With this type of orchestrated lobbying campaign by the fossil-fuel front groups, passage of the Scalise Resolution was assured. Indeed, only six House Republicans had the courage to vote against their fossil fuel overlords.
Instead of listening to Nobel Prize-winning economist Joseph Stiglitz, or the researchers at Columbia University and serious think tanks who study this, or the dozens of blue chip companies who all say that pricing carbon emissions would be good for the economy, House Republicans listened to the phony, fossil fuel-funded front groups—including the group that equated climate scientists with the Unabomber, and the guy who thinks evolution is #fakenews and AIDS is punishment for being gay.
How low will you go when your big donors whistle? We just saw.
The failure to act on our climate crisis is a failure of democracy. When untold tens, even hundreds of millions of special interest dollars slosh through our political system, what voice do the citizens of Rhode Island have, or the people of Florida or Louisiana who are also confronting ever-rising seas caused by climate change?

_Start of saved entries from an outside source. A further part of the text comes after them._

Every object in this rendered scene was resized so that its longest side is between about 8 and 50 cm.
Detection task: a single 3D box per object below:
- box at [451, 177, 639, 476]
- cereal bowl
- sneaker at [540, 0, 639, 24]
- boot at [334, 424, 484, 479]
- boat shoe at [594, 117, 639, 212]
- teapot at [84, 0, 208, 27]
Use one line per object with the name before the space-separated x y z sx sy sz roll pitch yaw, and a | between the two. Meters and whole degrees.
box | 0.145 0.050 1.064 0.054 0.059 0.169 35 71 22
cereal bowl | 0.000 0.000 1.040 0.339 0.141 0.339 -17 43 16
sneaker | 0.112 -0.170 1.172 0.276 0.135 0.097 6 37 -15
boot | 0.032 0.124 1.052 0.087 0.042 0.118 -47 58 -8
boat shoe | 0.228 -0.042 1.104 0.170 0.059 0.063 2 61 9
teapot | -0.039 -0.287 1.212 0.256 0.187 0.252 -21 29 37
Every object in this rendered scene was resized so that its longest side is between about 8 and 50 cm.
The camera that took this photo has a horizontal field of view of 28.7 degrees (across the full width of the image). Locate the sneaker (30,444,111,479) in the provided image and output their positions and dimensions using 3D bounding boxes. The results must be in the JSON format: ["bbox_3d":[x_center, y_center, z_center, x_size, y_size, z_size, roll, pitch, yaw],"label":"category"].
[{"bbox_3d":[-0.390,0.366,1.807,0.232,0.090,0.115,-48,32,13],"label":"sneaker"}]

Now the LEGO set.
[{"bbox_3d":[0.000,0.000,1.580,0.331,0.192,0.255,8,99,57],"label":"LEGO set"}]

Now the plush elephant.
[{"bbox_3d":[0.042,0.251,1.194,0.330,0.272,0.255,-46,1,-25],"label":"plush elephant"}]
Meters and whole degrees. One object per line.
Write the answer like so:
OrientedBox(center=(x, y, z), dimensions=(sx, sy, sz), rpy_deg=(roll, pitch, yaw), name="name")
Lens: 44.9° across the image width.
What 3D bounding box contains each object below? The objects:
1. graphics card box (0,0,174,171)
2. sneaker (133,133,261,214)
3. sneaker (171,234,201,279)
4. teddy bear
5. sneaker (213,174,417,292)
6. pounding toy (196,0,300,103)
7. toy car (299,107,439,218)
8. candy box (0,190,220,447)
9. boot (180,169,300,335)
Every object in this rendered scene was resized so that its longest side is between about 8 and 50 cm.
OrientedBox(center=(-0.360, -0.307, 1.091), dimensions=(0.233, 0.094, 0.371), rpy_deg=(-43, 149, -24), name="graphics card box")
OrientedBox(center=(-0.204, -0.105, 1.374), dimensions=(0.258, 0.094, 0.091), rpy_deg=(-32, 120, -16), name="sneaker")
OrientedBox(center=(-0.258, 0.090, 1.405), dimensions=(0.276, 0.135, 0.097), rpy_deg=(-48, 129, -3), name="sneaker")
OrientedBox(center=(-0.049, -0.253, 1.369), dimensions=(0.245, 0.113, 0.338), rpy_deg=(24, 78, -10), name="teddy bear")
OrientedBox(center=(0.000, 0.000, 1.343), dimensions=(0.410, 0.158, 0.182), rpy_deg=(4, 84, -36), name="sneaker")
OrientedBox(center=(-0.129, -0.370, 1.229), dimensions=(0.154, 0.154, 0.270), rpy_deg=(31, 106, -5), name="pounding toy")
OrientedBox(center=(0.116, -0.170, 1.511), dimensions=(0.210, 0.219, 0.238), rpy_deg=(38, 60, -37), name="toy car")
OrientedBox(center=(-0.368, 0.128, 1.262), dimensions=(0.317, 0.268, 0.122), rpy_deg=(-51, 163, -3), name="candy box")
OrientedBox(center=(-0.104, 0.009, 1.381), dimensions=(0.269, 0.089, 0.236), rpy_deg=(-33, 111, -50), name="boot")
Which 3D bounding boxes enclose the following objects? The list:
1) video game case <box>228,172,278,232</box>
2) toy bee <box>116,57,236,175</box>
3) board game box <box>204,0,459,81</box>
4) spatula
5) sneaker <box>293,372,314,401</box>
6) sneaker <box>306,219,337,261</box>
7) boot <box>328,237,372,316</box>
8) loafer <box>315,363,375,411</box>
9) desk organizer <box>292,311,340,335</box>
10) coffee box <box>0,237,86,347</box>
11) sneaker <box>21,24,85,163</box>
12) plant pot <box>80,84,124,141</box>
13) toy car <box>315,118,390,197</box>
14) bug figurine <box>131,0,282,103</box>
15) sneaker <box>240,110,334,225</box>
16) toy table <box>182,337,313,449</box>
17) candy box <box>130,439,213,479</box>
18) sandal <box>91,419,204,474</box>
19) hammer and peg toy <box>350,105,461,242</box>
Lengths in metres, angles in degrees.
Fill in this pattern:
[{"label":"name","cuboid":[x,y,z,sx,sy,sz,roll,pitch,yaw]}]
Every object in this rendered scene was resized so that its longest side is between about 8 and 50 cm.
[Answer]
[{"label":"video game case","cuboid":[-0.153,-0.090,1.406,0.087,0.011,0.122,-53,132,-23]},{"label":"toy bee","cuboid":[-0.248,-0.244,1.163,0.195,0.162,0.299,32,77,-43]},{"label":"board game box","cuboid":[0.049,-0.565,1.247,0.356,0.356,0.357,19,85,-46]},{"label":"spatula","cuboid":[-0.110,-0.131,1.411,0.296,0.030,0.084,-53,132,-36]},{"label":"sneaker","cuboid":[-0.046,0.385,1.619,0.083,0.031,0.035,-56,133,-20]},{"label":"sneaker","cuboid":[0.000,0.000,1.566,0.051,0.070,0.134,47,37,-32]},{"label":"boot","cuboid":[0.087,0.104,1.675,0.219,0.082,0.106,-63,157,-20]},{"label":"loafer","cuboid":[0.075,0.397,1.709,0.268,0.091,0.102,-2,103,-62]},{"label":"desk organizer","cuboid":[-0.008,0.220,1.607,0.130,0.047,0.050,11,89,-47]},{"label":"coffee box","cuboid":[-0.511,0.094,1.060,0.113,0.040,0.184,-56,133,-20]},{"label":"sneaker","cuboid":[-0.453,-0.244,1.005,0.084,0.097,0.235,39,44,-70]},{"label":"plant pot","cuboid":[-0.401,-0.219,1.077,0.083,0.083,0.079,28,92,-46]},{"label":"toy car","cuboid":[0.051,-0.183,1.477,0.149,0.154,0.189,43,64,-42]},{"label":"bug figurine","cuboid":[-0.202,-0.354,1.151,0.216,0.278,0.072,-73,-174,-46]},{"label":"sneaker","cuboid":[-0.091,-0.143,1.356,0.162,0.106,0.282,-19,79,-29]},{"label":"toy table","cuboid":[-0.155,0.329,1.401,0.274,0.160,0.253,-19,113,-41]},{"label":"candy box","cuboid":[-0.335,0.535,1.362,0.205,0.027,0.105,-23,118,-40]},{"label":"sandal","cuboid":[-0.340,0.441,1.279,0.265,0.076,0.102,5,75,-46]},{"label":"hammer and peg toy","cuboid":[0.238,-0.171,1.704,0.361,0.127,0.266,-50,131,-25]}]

When corporate dark money rules, and phony front groups get more political respect than Nobel Prize winning economists – on matters of economics, no less! – what hope is there for reason and truth in this body?
The fossil fuel industry and its trade associations and front groups have taken the Republican Party hostage, and with it, our American democracy. It is corruption in plain view, and history’s judgment will not be kind.
Ladies and gentlemen, it is seriously, urgently, time to wake up.
I yield the floor.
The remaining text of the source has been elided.